Kateryna Kaminska tiene 29 años y llegó a Bilbao hace dos. Se marchó de Ucrania consciente de que la decisión marcaba un antes y un después en su vida, pero convencida de que hacía lo correcto. La situación de su país, explica, fue la principal razón para emigrar: «Había mucha inestabilidad y las perspectivas de futuro eran inciertas». Kateryna es filóloga y economista, pero ni su experiencia laboral ni las dos carreras universitarias que hizo en paralelo le bastaron para trazar un horizonte de prosperidad en su tierra.

«Tenía dos caminos: o seguía con el negocio familiar sin garantías de futuro o salía del país para emprender algo propio en una nueva cultura», resume para definir su «gran paso», un salto de 3.500 kilómetros que la transportó de Jersón, a orillas del Mar Negro, a Bilbao, a orillas del Mar Cantábrico. «Euskadi no se conoce en mi país. Yo misma vine sin saber casi nada del País Vasco. Lo único que conocía, porque lo estudié en la universidad, era el llamado ‘efecto Bilbao‘. Venir era una oportunidad de ver en directo el modelo de transformación que había estudiado en los libros».
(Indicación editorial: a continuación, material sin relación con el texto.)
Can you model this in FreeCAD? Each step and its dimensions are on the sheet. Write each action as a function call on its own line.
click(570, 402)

Dos años después, Kateryna siente que acertó. «No hace tanto que me fui de Ucrania, así que todavía aprecio los contrastes y puedo comparar. La cultura vasca es muy diferente a la de mi país. Es singular y fascinante. Además de la gente, que es súper amable, Euskadi es un lugar lleno de oportunidades para crecer. Esta ciudad tiene todo lo que podía soñar. Si realmente quieres hacer cosas, si tienes ganas y deseos de desarrollarte, puedes hacerlo. Mi percepción es que puedes conseguir todo lo que te propongas».

Plantea unos cuantos ejemplos de ello, empezando por los idiomas. «Aprender idiomas en Ucrania es muy caro. Estudiar, en general, no es algo que pueda hacer todo el mundo. Aquí, en cambio, lo puedes hacer. Yo empecé estudiando castellano y ahora estoy aprendiendo euskera. El idioma es el corazón de un país, me parece básico intentar comprenderlo», opina. «Otra cosa que he podido hacer aquí es practicar deportes. En Ucrania, la gente es muy trabajadora pero casi no se toma tiempo para el bienestar. En Euskadi sí hay costumbre de cuidarse. Ves gente haciendo ejercicio, se organizan carreras populares. Yo he participado en algunas», apunta.
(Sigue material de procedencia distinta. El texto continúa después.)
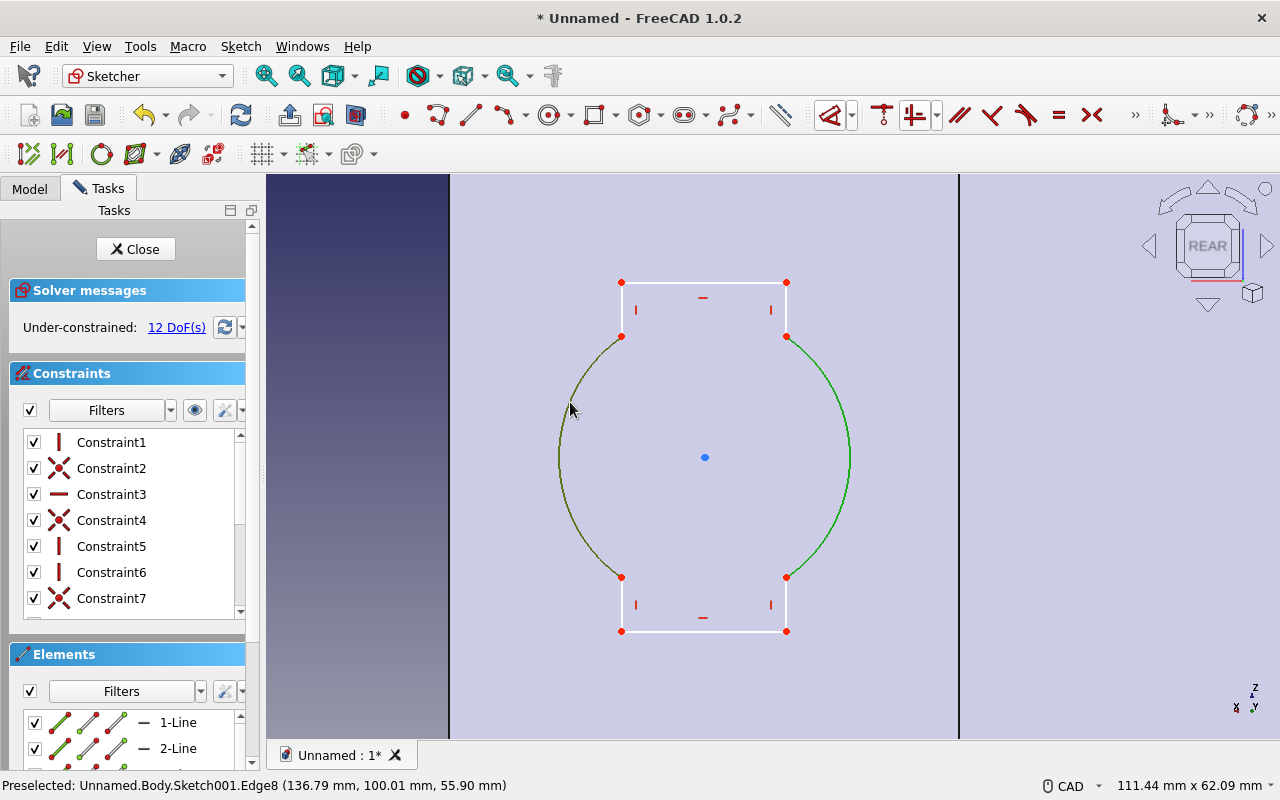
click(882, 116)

Así y todo, la gastronomía fue uno de los aspectos locales que más la cautivó. «Hice un cursillo de cocina vasca y me encantó, no solo porque es una cocina rica y saludable, sino porque comer es un acto cultural; es algo que incluye a la familia, a los txokos con amigos…». Algo que engarza a la perfección con su trabajo porque Kateryna se dedica a hacer ramos con frutas y verduras. Donde otros ponen rosas o margaritas, ella coloca lombardas, manzanas o pimientos. «O fresas –apunta–. Todo depende de la ocasión. Hace poco preparé un ramo entero de fresas. Me lo encargó un chico que le iba a proponer matrimonio a su novia. Además de original, estaba lleno de vitaminas», dice entre risas.

El retrato frutal

Kateryna siempre tuvo facilidad e interés por las manualidades. Es una defensora de la creatividad y considera que cada persona lleva un artista dentro, que cada uno es bueno en algo. «Bailar, pintar, cocinar… siempre hay algo que te sale especialmente bien y que te da felicidad. En mi caso, es esto». Desde hace ya varios meses combina su trabajo en una imprenta y sus clases particulares de ruso con esta actividad, en la que trabaja por encargo.

«No hay dos arreglos iguales. Los colores, las frutas o las verduras que elijo siempre tienen que ver con la situación, con lo que me cuentan de la persona que va a recibir ese regalo. Podría decirse que lo que hago es como un retrato frutal». Kateryna no es Arcimboldo, pero algunas de sus obras están expuestas en una frutería donde, además, se asegura de conseguir «el mejor género». El producto «tiene que ser de calidad –enfatiza–. Ten en cuenta que un ramo de verduras es un ramo de alimentos. Hay que ser muy cuidadoso».

Lo subraya porque estos arreglos se pueden comer. De hecho, están pensados para que se coman. «La idea es que sea un regalo útil. Imagina que recibes un ramo de frutas y una receta para preparar con ellas un postre. En Ucrania hay mucha tradición de hacer regalos, de agasajar a los demás, sin un motivo concreto. No hace falta que sea un cumpleaños o navidad, solo que tengas ganas de decir ‘te quiero’ sin palabras. Me gustaría fomentar esa tradición en Euskadi con un proyecto como este, en el que combino mis habilidades y conocimientos con algo que es muy de aquí: productos frescos de la huerta».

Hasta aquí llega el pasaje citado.